## Material provided
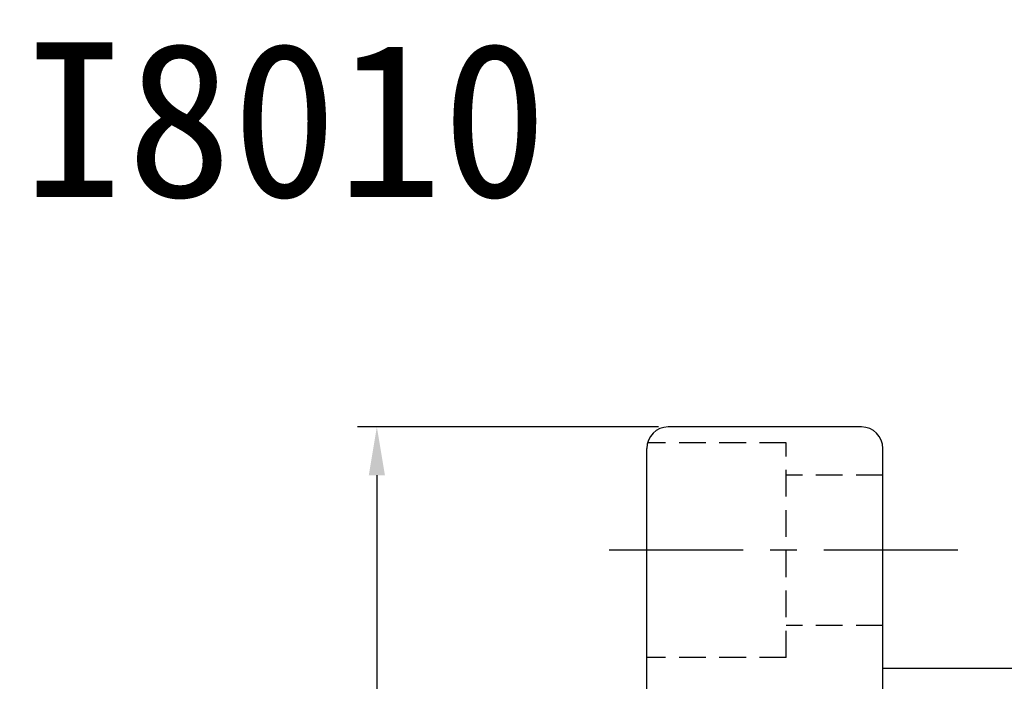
# Model space of a CAD drawing. Extents: x 973 to 1362, y 69 to 294.
# Tile 5 of 43: x 1178 to 1270, y 232 to 294. Entities that reach past the tile are written whole.
import ezdxf
from ezdxf.enums import TextEntityAlignment as Align

# ---------------------------------------------------------------- set-up
doc = ezdxf.new("R2010")
doc.units = 0
doc.header["$MEASUREMENT"] = 0
doc.linetypes.add('CENTER', pattern=[2, 1.25, -0.25, 0.25, -0.25])
doc.linetypes.add('HIDDEN', pattern=[0.375, 0.25, -0.125])
doc.layers.get('0').update_dxf_attribs({"linetype": 'CONTINUOUS'})
for name, color, linetype in [('CEN', 1, 'CENTER'), ('DIM', 4, 'CONTINUOUS'), ('HID', 2, 'HIDDEN'), ('OUT', 3, 'CONTINUOUS')]:
    doc.layers.add(name, color=color, linetype=linetype)
doc.styles.add('CHN', font='SIMPLEX.shx', dxfattribs={"width": 0.7, "bigfont": 'CHINESET.shx'})
doc.styles.add('T', font='KAIU.TTF')
doc.dimstyles.get("Standard").update_dxf_attribs({"dimscale": 0, "dimtxt": 4, "dimasz": 3, "dimexe": 1, "dimexo": 0.5, "dimgap": 1, "dimtad": 1, "dimdsep": 46, "dimtxsty": 'CHN', "dimcen": 0.09, "dimclrd": 256, "dimclre": 256, "dimclrt": 256, "dimadec": 0, "dimazin": 0, "dimtp": 1, "dimtm": 1, "dimtfac": 0.6, "dimtix": 1, "dimtmove": 2, "dimatfit": 3, "dimfxl": 1, "dimtvp": 0.85, "dimtolj": 1, "dimarcsym": 0})

# ---------------------------------------------------------------- blocks, each defined once
blk = doc.blocks.new('*D46')
at = {"layer": 'DIM', "color": 0, "lineweight": -2, "transparency": 16777216}
for p, q in [((1237.591, 255.544), (1209.532, 255.544)), ((1211.332, 251.044), (1211.332, 110.044)), ((1237.591, 105.544), (1209.532, 105.544))]:
    blk.add_line(p, q, dxfattribs=at)
at = {"layer": 'DIM', "color": 0, "transparency": 16777216}
for points in [[(1210.582, 251.044), (1212.082, 251.044), (1211.332, 255.544)], [(1210.582, 110.044), (1212.082, 110.044), (1211.332, 105.544)]]:
    blk.add_solid(points, dxfattribs=at)
at = {"layer": 'DIM', "color": 0, "transparency": 16777216, "insert": (1206.922, 180.544), "char_height": 6.3, "attachment_point": 5, "rotation": 90, "style": 'CHN'}
blk.add_mtext('\\A1;%%C150', dxfattribs=at)

msp = doc.modelspace()

# ---------------------------------------------------------------- linework, layer by layer
at = {"layer": 'CEN', "color": 7, "ltscale": 10}
msp.add_line((1265.474, 244.044), (1231.314, 244.044), dxfattribs=at)
at = {"layer": 'HID', "color": 7, "ltscale": 10}
for p, q in [((1249.491, 254.044), (1236.555, 254.044)), ((1249.491, 234.044), (1249.491, 254.044)), ((1258.491, 251.044), (1249.491, 251.044)), ((1258.491, 237.044), (1249.491, 237.044)), ((1249.491, 234.044), (1236.491, 234.044))]:
    msp.add_line(p, q, dxfattribs=at)
at = {"layer": 'OUT', "color": 7, "ltscale": 10}
for p, q in [((1256.491, 255.544), (1238.491, 255.544)), ((1236.491, 107.544), (1236.491, 253.544)), ((1258.491, 107.544), (1258.491, 253.544)), ((1258.491, 233.044), (1327.491, 233.044))]:
    msp.add_line(p, q, dxfattribs=at)
for centre, start, end in [((1238.491, 253.544), 90, 180), ((1256.491, 253.544), 0, 90)]:
    msp.add_arc(centre, 2, start, end, dxfattribs=at)

# ---------------------------------------------------------------- texts
at = {"style": 'T'}
msp.add_text('SFNI8010', height=14.4, dxfattribs=at).set_placement((1188.04, 284.187), align=Align.MIDDLE)

# ---------------------------------------------------------------- dimensions: what is measured, and where the dimension line sits
at = {"layer": 'DIM', "color": 0}
dim = msp.add_linear_dim(base=(1211.332, 105.544), p1=(1238.491, 255.544), p2=(1238.491, 105.544), angle=90, text='%%C<>', dimstyle='STANDARD', override={"dimscale": 1.8, "dimtxt": 3.5, "dimasz": 2.5, "dimgap": 0.7, "dimclrd": 0, "dimclre": 0, "dimclrt": 0, "dimtmove": 0}, dxfattribs=at)
dim.commit()
dim.dimension.update_dxf_attribs({"geometry": '*D46', "text_midpoint": (1206.922, 180.544)})

doc.saveas('drawing.dxf')

## What you are asked to do
Without any pictures, print the whole listing again exactly as it stands.

## Result of the exercise
# Model space of a CAD drawing. Extents: x 973 to 1362, y 69 to 294.
# Tile 5 of 43: x 1178 to 1270, y 232 to 294. Entities that reach past the tile are written whole.
import ezdxf
from ezdxf.enums import TextEntityAlignment as Align

# ---------------------------------------------------------------- set-up
doc = ezdxf.new("R2010")
doc.units = 0
doc.header["$MEASUREMENT"] = 0
doc.linetypes.add('CENTER', pattern=[2, 1.25, -0.25, 0.25, -0.25])
doc.linetypes.add('HIDDEN', pattern=[0.375, 0.25, -0.125])
doc.layers.get('0').update_dxf_attribs({"linetype": 'CONTINUOUS'})
for name, color, linetype in [('CEN', 1, 'CENTER'), ('DIM', 4, 'CONTINUOUS'), ('HID', 2, 'HIDDEN'), ('OUT', 3, 'CONTINUOUS')]:
    doc.layers.add(name, color=color, linetype=linetype)
doc.styles.add('CHN', font='SIMPLEX.shx', dxfattribs={"width": 0.7, "bigfont": 'CHINESET.shx'})
doc.styles.add('T', font='KAIU.TTF')
doc.dimstyles.get("Standard").update_dxf_attribs({"dimscale": 0, "dimtxt": 4, "dimasz": 3, "dimexe": 1, "dimexo": 0.5, "dimgap": 1, "dimtad": 1, "dimdsep": 46, "dimtxsty": 'CHN', "dimcen": 0.09, "dimclrd": 256, "dimclre": 256, "dimclrt": 256, "dimadec": 0, "dimazin": 0, "dimtp": 1, "dimtm": 1, "dimtfac": 0.6, "dimtix": 1, "dimtmove": 2, "dimatfit": 3, "dimfxl": 1, "dimtvp": 0.85, "dimtolj": 1, "dimarcsym": 0})

# ---------------------------------------------------------------- blocks, each defined once
blk = doc.blocks.new('*D46')
at = {"layer": 'DIM', "color": 0, "lineweight": -2, "transparency": 16777216}
for p, q in [((1237.591, 255.544), (1209.532, 255.544)), ((1211.332, 251.044), (1211.332, 110.044)), ((1237.591, 105.544), (1209.532, 105.544))]:
    blk.add_line(p, q, dxfattribs=at)
at = {"layer": 'DIM', "color": 0, "transparency": 16777216}
for points in [[(1210.582, 251.044), (1212.082, 251.044), (1211.332, 255.544)], [(1210.582, 110.044), (1212.082, 110.044), (1211.332, 105.544)]]:
    blk.add_solid(points, dxfattribs=at)
at = {"layer": 'DIM', "color": 0, "transparency": 16777216, "insert": (1206.922, 180.544), "char_height": 6.3, "attachment_point": 5, "rotation": 90, "style": 'CHN'}
blk.add_mtext('\\A1;%%C150', dxfattribs=at)

msp = doc.modelspace()

# ---------------------------------------------------------------- linework, layer by layer
at = {"layer": 'CEN', "color": 7, "ltscale": 10}
msp.add_line((1265.474, 244.044), (1231.314, 244.044), dxfattribs=at)
at = {"layer": 'HID', "color": 7, "ltscale": 10}
for p, q in [((1249.491, 254.044), (1236.555, 254.044)), ((1249.491, 234.044), (1249.491, 254.044)), ((1258.491, 251.044), (1249.491, 251.044)), ((1258.491, 237.044), (1249.491, 237.044)), ((1249.491, 234.044), (1236.491, 234.044))]:
    msp.add_line(p, q, dxfattribs=at)
at = {"layer": 'OUT', "color": 7, "ltscale": 10}
for p, q in [((1256.491, 255.544), (1238.491, 255.544)), ((1236.491, 107.544), (1236.491, 253.544)), ((1258.491, 107.544), (1258.491, 253.544)), ((1258.491, 233.044), (1327.491, 233.044))]:
    msp.add_line(p, q, dxfattribs=at)
for centre, start, end in [((1238.491, 253.544), 90, 180), ((1256.491, 253.544), 0, 90)]:
    msp.add_arc(centre, 2, start, end, dxfattribs=at)

# ---------------------------------------------------------------- texts
at = {"style": 'T'}
msp.add_text('SFNI8010', height=14.4, dxfattribs=at).set_placement((1188.04, 284.187), align=Align.MIDDLE)

# ---------------------------------------------------------------- dimensions: what is measured, and where the dimension line sits
at = {"layer": 'DIM', "color": 0}
dim = msp.add_linear_dim(base=(1211.332, 105.544), p1=(1238.491, 255.544), p2=(1238.491, 105.544), angle=90, text='%%C<>', dimstyle='STANDARD', override={"dimscale": 1.8, "dimtxt": 3.5, "dimasz": 2.5, "dimgap": 0.7, "dimclrd": 0, "dimclre": 0, "dimclrt": 0, "dimtmove": 0}, dxfattribs=at)
dim.commit()
dim.dimension.update_dxf_attribs({"geometry": '*D46', "text_midpoint": (1206.922, 180.544)})

doc.saveas('drawing.dxf')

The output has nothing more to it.